# Hello!



## Deamon (Oct 4, 2013)

Hi,

So my name is Shelly but I often go online as Deamon.

I was recommended to this forum from The Mouse Connection since I am looking for breeders from Minnesota. My mice ownership started as a secret. I purchased a pair of feeder does from the local pet store and hid them in my room (well, not really. They're in a purple homemade container and no one noticed them for about two weeks). I joke if I ever get seriously into raising mice, the mousery name will be Bedroom Corner Mousery and I'll tell that story. Yeah okay I'm cheesy like that?

Aside from mice, I raise rabbits. I currently have a pair of meat NZ rabbits, who I think are going to end up being rather expensive pets since I wasn't sure what I was doing when I got them... and I have a mini lop. I hope to raise mini lops and show them. I am heading to my first show Saturday and I'm both excited and nervous. I just hope my slightly unworked mini lop decides to behave herself!
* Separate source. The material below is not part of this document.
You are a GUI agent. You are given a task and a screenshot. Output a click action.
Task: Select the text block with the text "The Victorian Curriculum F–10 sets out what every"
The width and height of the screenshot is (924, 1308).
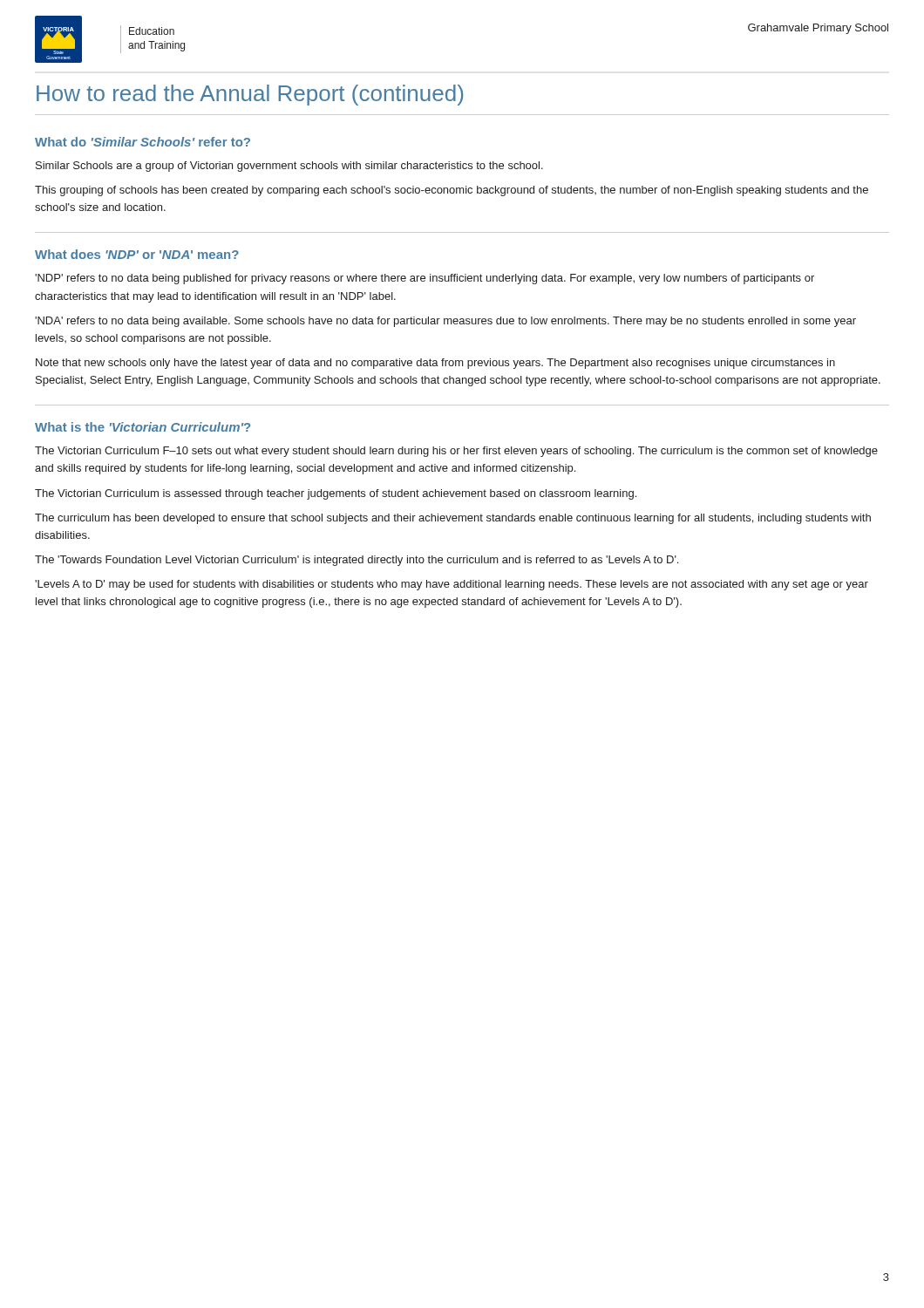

As far as other pets go, I also have a black Lab named Annie and a tank full of guppies and neon tetras. Oh and my bushynosed plecos. I hope some day to have my own horse again, but in the mean time I was accepted into an equine program so I get to study them, which is second best I guess? Hehe.

Anyways, that's me! 
- Deamon/Shelly


----------



## SarahC (Oct 3, 2008)

Hello and welcome.


----------



## Fantasia Mousery (Jul 16, 2011)

Welcome.  We love pictures!


----------



## Miceandmore64 (Jul 16, 2013)

Hello I am Jade just thought I would mention I have 2 purebreed dutch rabbits. Stella is black and white and Charlie is ginger and white


----------



## Frizzle (Oct 6, 2011)

Hello from Wisconsin! Hopefully Moustress will pop on over & say hi, she's from MN as well.


----------



## besty74 (May 26, 2012)

hello and welcome


----------



## Trixie's Mice (Feb 3, 2013)

Welcome to FMB!


----------



## andypandy29us (Aug 10, 2012)

hello and welcome


----------



## Deamon (Oct 4, 2013)

Thanks for the welcomes!

Here's a few pictures of my gang, I don't have any of my mice. They're feeder REW (PEW, I guess in mice terms?) mice. Tiny compared to show mice I think. Still new to all this. Let's see here...
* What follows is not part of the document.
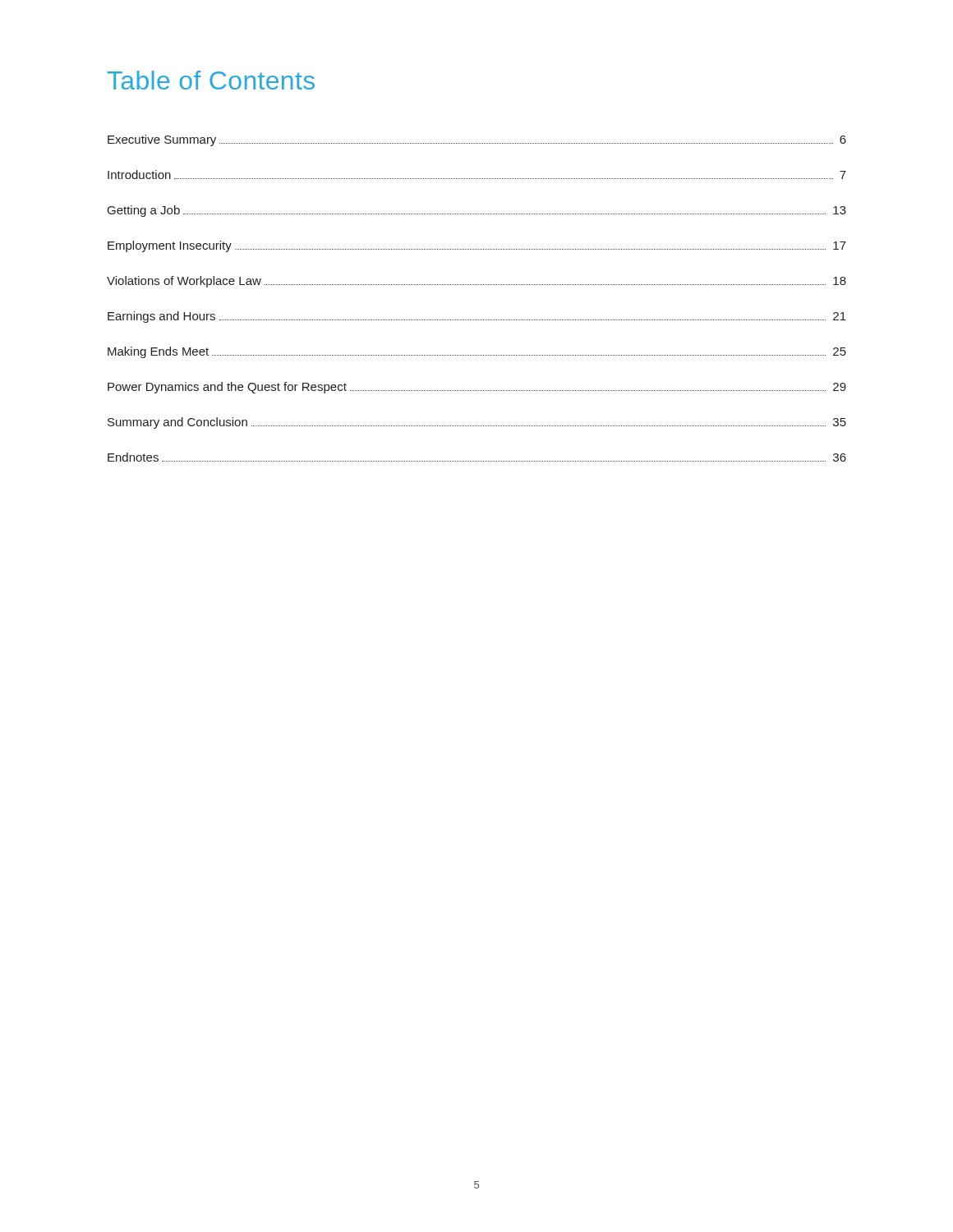Click on the title containing "Table of Contents"
Screen dimensions: 1232x953
[211, 80]

As far as rabbits go, I have two Mini Lops now. My new buck, Syd: 









And the rabbit I mentioned that I took a show, Taffy:








She wasn't going to have any of this sitting still any longer thing  Also those are her ribbons from the show I mentioned.
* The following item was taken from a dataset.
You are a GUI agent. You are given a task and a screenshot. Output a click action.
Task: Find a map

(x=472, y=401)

I also have a couple of NZ mutts, I'm sure they're crosses but I don't know with what. 
My REW doe, Bunbun:









And my "red" NZ buck, though I'm not sure of his color:









And last but not least, our Lab Annie Oakley:


----------



## Fantasia Mousery (Jul 16, 2011)

What lovely pictures! Syd is just gorgeous. 
Yes, when we're talking mice (and rats for that matter) it's called PEW.


----------